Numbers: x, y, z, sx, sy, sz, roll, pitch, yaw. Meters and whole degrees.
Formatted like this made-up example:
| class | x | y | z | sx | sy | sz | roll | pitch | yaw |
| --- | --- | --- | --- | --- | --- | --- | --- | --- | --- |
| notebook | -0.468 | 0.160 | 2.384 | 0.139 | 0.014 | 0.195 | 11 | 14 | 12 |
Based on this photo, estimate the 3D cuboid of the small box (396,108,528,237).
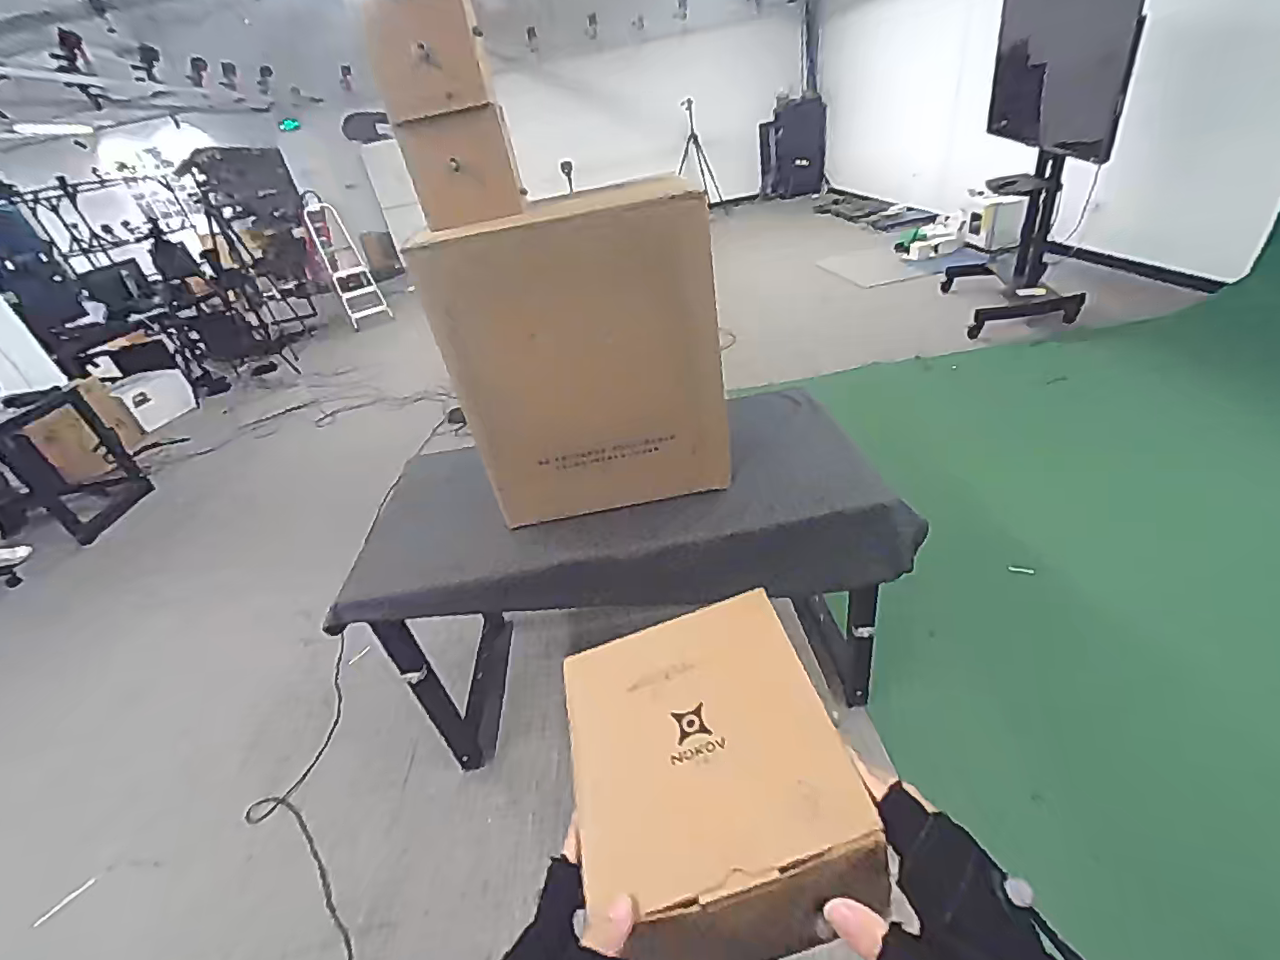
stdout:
| class | x | y | z | sx | sy | sz | roll | pitch | yaw |
| --- | --- | --- | --- | --- | --- | --- | --- | --- | --- |
| small box | -0.315 | -0.570 | 1.000 | 0.179 | 0.176 | 0.168 | -14 | 35 | 0 |

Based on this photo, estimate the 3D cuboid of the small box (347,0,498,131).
| class | x | y | z | sx | sy | sz | roll | pitch | yaw |
| --- | --- | --- | --- | --- | --- | --- | --- | --- | --- |
| small box | -0.344 | -0.694 | 0.899 | 0.168 | 0.176 | 0.179 | -13 | 36 | -1 |

◇ ◇ ◇ ◇ ◇

§ **What is needed**: Print every line above exactly as given, but not the pictures.

§ **Solution to the exercise**:
Numbers: x, y, z, sx, sy, sz, roll, pitch, yaw. Meters and whole degrees.
Formatted like this made-up example:
| class | x | y | z | sx | sy | sz | roll | pitch | yaw |
| --- | --- | --- | --- | --- | --- | --- | --- | --- | --- |
| notebook | -0.468 | 0.160 | 2.384 | 0.139 | 0.014 | 0.195 | 11 | 14 | 12 |
Based on this photo, estimate the 3D cuboid of the small box (396,108,528,237).
stdout:
| class | x | y | z | sx | sy | sz | roll | pitch | yaw |
| --- | --- | --- | --- | --- | --- | --- | --- | --- | --- |
| small box | -0.315 | -0.570 | 1.000 | 0.179 | 0.176 | 0.168 | -14 | 35 | 0 |

Based on this photo, estimate the 3D cuboid of the small box (347,0,498,131).
| class | x | y | z | sx | sy | sz | roll | pitch | yaw |
| --- | --- | --- | --- | --- | --- | --- | --- | --- | --- |
| small box | -0.344 | -0.694 | 0.899 | 0.168 | 0.176 | 0.179 | -13 | 36 | -1 |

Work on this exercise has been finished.